▼

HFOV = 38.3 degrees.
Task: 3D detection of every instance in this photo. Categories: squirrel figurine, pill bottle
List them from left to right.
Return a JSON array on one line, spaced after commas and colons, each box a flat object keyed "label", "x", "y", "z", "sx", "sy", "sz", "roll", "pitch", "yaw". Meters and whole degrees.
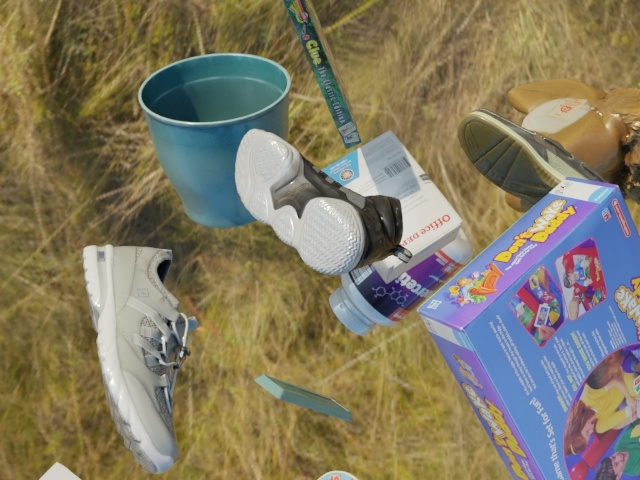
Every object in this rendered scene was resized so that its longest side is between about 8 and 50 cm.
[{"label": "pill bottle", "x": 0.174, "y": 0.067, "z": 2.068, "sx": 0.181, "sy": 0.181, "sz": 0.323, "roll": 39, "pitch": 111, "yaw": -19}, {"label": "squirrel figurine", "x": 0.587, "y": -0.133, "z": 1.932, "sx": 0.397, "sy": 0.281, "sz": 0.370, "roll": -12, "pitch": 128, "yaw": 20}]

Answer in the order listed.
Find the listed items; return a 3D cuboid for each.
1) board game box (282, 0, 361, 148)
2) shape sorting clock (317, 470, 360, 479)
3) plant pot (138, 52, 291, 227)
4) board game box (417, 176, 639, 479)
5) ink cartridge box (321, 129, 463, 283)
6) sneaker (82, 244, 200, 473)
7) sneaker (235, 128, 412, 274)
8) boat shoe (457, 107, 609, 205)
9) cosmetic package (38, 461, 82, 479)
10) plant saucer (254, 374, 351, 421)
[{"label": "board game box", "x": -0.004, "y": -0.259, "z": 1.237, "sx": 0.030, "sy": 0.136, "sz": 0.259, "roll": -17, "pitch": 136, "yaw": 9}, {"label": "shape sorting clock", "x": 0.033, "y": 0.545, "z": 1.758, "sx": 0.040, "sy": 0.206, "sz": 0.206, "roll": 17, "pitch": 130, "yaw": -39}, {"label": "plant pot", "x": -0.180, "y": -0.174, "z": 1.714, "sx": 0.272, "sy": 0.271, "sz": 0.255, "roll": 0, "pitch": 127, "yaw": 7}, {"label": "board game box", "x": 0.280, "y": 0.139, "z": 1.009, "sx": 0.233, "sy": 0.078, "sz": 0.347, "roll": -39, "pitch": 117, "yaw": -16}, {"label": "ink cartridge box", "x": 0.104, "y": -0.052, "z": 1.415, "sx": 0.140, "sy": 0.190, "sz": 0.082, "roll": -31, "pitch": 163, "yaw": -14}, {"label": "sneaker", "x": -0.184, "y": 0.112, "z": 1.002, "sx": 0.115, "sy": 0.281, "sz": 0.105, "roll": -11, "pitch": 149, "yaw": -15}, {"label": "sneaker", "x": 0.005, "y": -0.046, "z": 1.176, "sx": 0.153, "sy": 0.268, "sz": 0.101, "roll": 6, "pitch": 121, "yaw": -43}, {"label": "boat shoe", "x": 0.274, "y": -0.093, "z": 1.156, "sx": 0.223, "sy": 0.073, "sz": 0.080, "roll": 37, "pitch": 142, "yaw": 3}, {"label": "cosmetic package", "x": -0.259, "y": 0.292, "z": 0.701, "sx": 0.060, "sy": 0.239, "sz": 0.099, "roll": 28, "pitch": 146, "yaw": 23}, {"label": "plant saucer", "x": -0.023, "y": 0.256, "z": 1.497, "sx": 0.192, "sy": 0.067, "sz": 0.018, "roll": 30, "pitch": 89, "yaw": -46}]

▲
▼

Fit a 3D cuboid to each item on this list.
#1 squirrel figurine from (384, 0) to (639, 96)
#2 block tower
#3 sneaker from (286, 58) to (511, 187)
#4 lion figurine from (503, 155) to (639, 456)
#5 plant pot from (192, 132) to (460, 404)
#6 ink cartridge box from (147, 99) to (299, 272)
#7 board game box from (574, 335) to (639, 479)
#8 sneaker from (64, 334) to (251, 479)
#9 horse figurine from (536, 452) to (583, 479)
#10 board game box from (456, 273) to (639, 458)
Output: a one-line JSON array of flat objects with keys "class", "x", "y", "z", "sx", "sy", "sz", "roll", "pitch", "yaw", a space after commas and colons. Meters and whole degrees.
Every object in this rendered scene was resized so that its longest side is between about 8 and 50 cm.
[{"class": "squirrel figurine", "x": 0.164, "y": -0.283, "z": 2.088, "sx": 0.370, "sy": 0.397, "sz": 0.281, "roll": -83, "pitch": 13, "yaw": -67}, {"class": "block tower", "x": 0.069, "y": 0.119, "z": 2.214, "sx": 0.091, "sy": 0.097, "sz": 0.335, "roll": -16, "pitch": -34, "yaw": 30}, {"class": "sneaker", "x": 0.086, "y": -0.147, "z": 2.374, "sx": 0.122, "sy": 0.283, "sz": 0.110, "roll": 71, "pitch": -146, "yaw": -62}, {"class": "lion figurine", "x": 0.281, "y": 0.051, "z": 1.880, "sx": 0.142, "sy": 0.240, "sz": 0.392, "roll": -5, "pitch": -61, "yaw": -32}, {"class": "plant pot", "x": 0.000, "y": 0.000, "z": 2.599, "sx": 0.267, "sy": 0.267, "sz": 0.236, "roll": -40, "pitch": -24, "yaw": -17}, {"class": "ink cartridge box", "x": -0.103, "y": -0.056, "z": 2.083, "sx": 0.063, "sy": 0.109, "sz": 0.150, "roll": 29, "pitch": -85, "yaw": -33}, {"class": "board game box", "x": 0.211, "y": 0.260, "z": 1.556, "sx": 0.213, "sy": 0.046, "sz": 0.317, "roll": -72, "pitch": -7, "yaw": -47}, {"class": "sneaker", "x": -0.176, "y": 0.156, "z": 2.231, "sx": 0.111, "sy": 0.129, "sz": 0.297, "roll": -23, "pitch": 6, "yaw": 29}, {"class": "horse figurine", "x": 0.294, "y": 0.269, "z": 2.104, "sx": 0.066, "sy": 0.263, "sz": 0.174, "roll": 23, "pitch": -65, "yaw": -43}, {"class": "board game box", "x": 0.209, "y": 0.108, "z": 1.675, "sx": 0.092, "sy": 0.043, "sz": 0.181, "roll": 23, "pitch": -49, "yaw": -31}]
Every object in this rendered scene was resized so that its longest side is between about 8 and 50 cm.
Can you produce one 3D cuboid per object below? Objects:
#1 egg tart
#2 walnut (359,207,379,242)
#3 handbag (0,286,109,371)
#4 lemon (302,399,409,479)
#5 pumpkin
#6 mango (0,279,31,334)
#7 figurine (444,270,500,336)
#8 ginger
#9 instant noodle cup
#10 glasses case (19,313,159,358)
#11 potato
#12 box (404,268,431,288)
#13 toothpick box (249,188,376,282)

▲
▼

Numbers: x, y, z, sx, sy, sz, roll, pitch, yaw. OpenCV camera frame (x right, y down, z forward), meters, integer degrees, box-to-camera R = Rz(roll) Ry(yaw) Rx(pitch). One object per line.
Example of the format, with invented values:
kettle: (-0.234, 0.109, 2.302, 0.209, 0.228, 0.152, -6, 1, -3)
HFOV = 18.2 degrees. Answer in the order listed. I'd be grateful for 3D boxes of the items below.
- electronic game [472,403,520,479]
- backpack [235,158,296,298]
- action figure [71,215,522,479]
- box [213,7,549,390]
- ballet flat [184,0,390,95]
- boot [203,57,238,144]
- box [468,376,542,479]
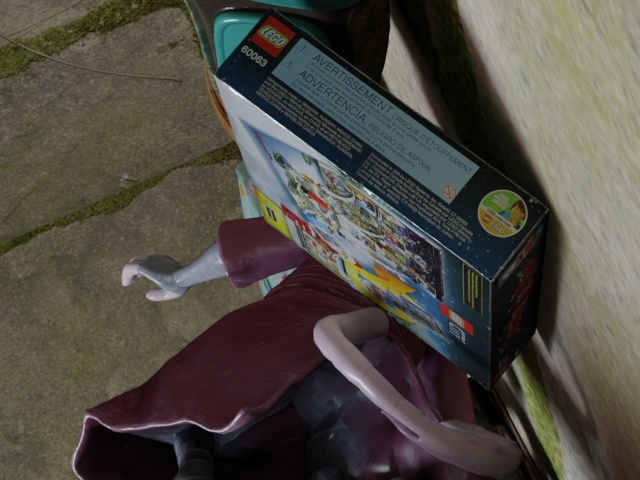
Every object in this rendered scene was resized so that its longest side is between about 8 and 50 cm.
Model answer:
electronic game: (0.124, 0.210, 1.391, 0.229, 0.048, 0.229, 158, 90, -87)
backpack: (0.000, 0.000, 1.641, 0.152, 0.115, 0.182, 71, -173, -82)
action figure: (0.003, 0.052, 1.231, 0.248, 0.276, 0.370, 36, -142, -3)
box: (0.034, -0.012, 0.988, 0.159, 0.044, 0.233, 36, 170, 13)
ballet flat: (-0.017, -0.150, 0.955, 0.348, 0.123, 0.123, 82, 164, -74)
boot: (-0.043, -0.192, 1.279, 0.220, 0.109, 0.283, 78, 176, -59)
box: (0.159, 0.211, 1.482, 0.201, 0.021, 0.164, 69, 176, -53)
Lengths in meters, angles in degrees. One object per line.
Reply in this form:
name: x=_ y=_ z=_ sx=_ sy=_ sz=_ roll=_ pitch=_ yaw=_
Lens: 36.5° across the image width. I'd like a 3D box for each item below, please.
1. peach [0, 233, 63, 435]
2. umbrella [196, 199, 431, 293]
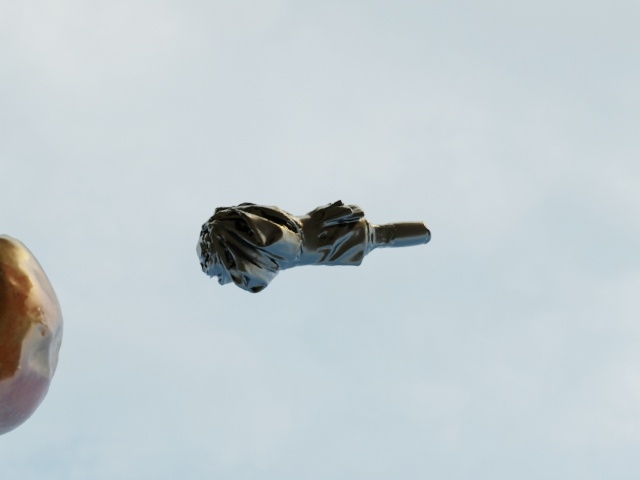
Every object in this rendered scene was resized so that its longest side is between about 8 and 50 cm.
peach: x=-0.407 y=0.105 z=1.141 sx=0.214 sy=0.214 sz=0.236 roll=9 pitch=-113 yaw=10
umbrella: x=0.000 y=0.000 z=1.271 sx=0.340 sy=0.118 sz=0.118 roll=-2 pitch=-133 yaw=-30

▲

Aim of the exercise:
Within the material above, show every line that includes "right".

Exercise output:
List them from left to right.
Numbers: x, y, z, sx, sy, sz, roll, pitch, yaw. OpenCV camera frame (x right, y down, z forward), meters, integer degrees, box-to-camera R = Rz(roll) Ry(yaw) Rx(pitch). One object per line.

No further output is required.